**Exercise instructions**
Starting at the line that contains "8. car (100,205,125,210)", quote each line exactly through the last line of the entries, both included.

**The records**
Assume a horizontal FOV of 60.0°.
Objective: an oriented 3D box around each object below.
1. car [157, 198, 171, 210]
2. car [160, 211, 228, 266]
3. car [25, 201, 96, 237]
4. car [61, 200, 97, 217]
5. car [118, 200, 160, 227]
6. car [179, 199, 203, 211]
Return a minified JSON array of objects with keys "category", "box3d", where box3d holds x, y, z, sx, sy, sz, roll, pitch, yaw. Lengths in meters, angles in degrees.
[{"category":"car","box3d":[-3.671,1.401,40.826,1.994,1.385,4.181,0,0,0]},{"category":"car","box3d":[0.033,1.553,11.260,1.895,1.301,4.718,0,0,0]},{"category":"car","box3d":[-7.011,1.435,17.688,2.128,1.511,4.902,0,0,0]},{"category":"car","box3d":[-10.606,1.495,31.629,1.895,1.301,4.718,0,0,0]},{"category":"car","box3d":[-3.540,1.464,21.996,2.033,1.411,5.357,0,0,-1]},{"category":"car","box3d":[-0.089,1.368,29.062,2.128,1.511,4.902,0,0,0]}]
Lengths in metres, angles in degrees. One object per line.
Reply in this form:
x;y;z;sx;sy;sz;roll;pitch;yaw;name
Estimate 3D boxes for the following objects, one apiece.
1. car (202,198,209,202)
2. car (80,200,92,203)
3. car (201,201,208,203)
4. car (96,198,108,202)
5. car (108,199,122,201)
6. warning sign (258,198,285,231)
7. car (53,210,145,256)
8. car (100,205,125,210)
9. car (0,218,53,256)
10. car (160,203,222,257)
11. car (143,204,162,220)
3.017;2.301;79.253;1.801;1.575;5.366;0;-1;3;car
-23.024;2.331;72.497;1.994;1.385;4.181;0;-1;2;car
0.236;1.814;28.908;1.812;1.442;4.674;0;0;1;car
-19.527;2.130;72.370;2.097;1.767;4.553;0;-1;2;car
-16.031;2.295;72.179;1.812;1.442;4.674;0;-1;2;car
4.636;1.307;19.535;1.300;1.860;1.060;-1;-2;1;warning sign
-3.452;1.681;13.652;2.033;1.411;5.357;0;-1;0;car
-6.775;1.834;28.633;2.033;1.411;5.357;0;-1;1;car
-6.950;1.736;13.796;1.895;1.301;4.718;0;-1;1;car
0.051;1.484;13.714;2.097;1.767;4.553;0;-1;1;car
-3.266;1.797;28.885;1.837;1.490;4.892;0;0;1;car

**Expected output**
8. car (100,205,125,210)
9. car (0,218,53,256)
10. car (160,203,222,257)
11. car (143,204,162,220)
3.017;2.301;79.253;1.801;1.575;5.366;0;-1;3;car
-23.024;2.331;72.497;1.994;1.385;4.181;0;-1;2;car
0.236;1.814;28.908;1.812;1.442;4.674;0;0;1;car
-19.527;2.130;72.370;2.097;1.767;4.553;0;-1;2;car
-16.031;2.295;72.179;1.812;1.442;4.674;0;-1;2;car
4.636;1.307;19.535;1.300;1.860;1.060;-1;-2;1;warning sign
-3.452;1.681;13.652;2.033;1.411;5.357;0;-1;0;car
-6.775;1.834;28.633;2.033;1.411;5.357;0;-1;1;car
-6.950;1.736;13.796;1.895;1.301;4.718;0;-1;1;car
0.051;1.484;13.714;2.097;1.767;4.553;0;-1;1;car
-3.266;1.797;28.885;1.837;1.490;4.892;0;0;1;car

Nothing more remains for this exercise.